The Financial Times says investigators employed by Nigeria's civilian president have named 15 London banks.

They are cited as possible depositories of hundreds of millions of dollars from more than $4bn (2.76bn) allegedly looted by General Abacha during his four-and-a-half year rule.

The paper says the UK Government was asked four months ago to help track any money deposited in London but did not respond.

It quotes British officials as saying they lack the power to freeze accounts and seize documents until charges have been brought in Nigeria.

Prime Minister Tony Blair is understood to have promised Nigerian president Olusegun Obasanjo full co-operation.

Frozen out

Mr Obasanjo's administration has been going to great lengths to try to recover the money looted by Abacha and his associates.

Switzerland and Liechtenstein have, at Nigeria's request, frozen hundreds of millions of dollars in bank accounts traced to Abacha's family.

The Swiss Federal Banking Commission says almost a third of the money deposited with Swiss banks had first been banked in the UK, US and Austria.

General Abacha ruled Nigeria from 1993 until his death in 1998.

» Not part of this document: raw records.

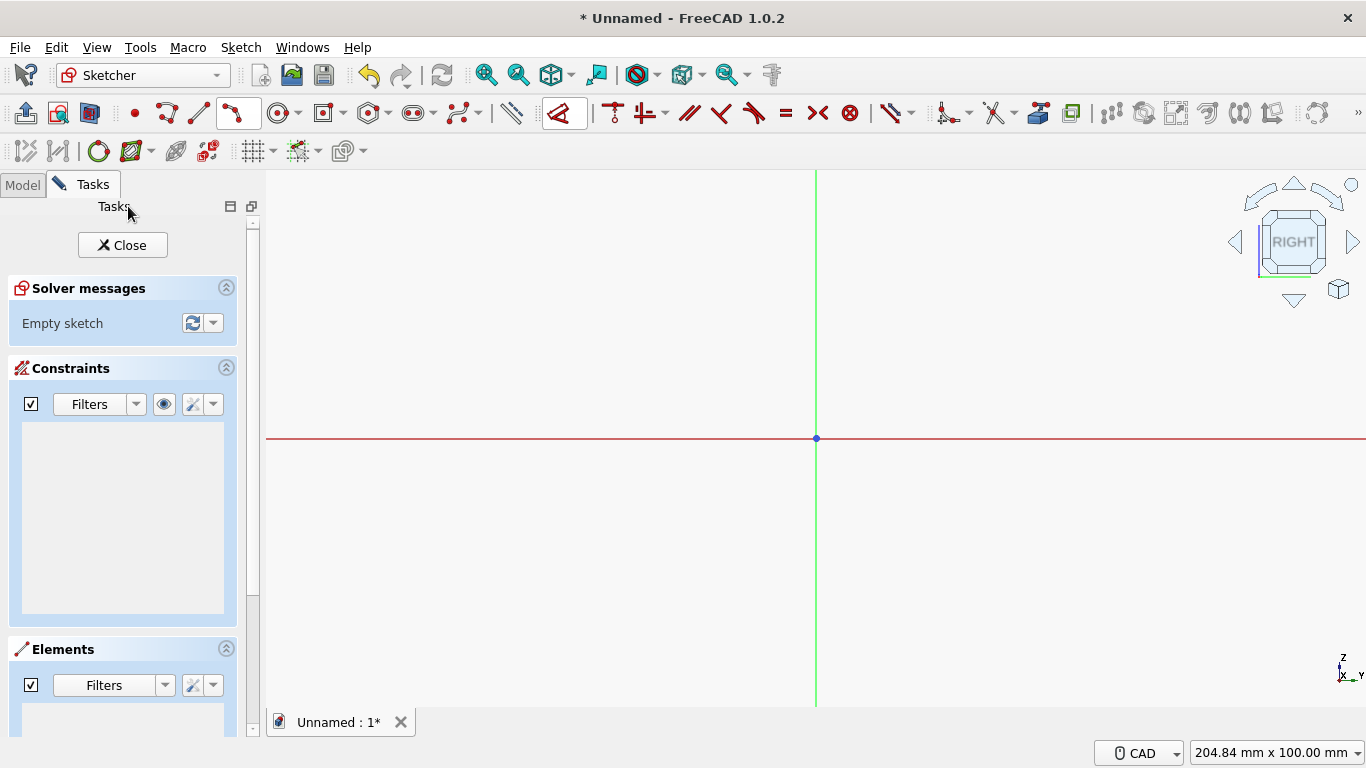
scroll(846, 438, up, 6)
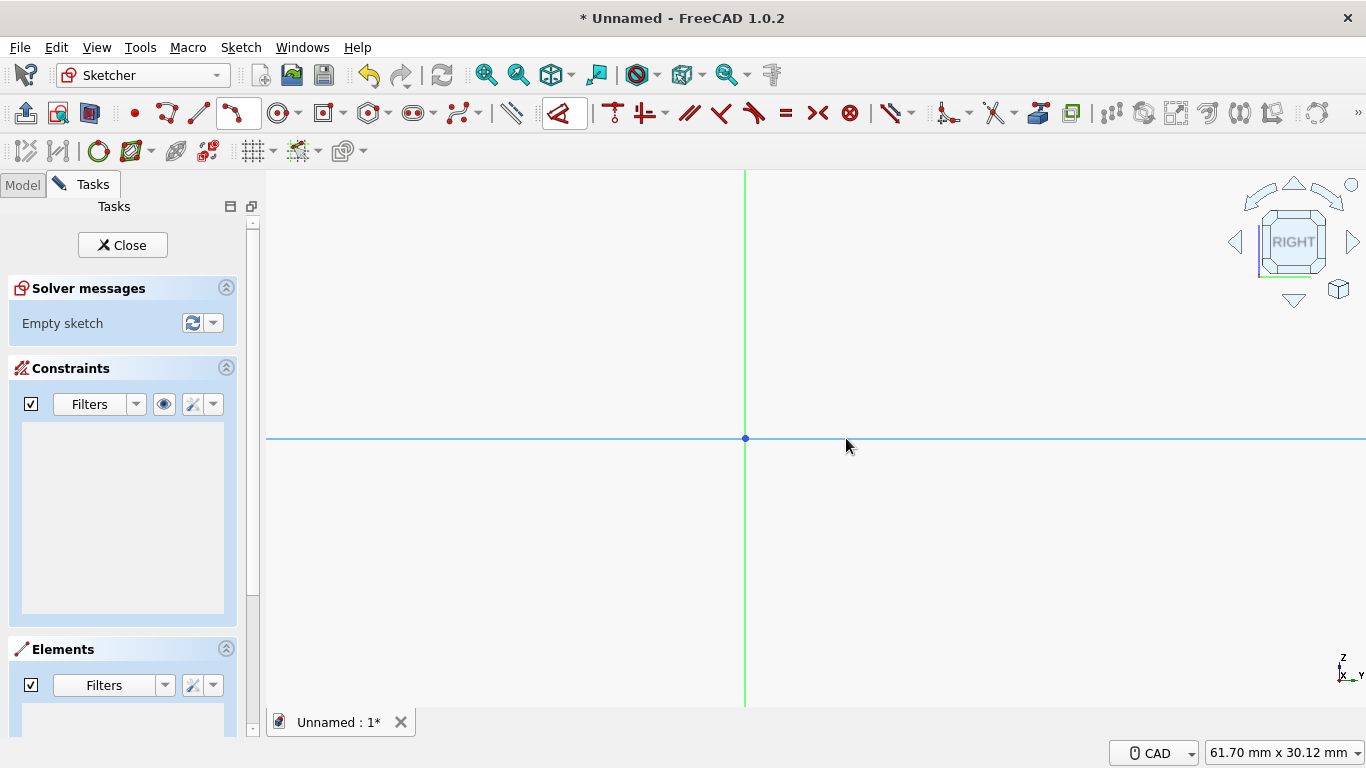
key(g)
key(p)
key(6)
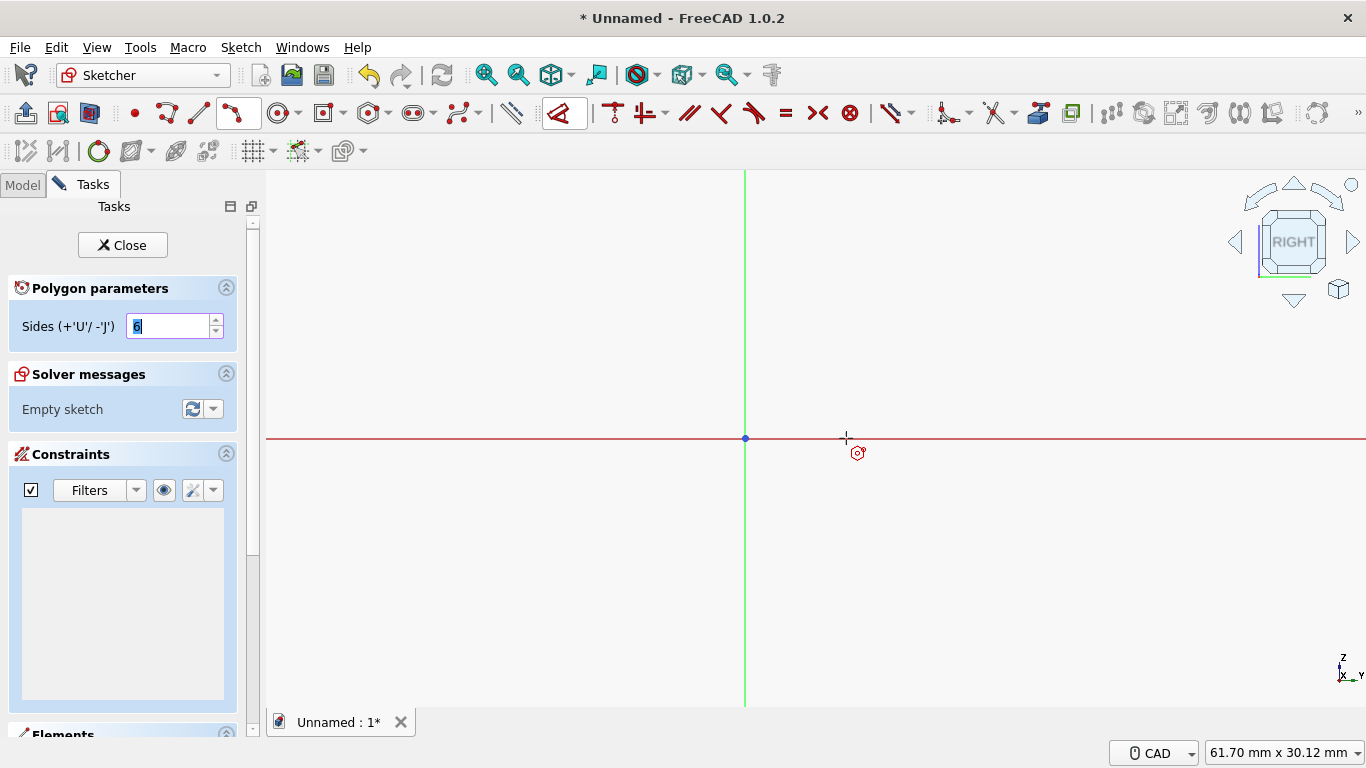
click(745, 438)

According to the current Nigerian government, he used a circle of family members, close aides and business associates to disperse the stolen cash.

'Bribery and corruption'

It was allegedly amassed by awarding contracts to bogus companies, accepting bribes and siphoning money direct from the Nigerian treasury.

In September, several leading banks in Switzerland were criticised by the country's regulators for accepting money from Abacha's family.

In a report, the Swiss banking commission said 19 institutions had had dealings with the Abacha regime.

The commission acknowledged that the banks had reported their suspicions of money-laundering to the authorities, but said they should not have accepted the money in the first place.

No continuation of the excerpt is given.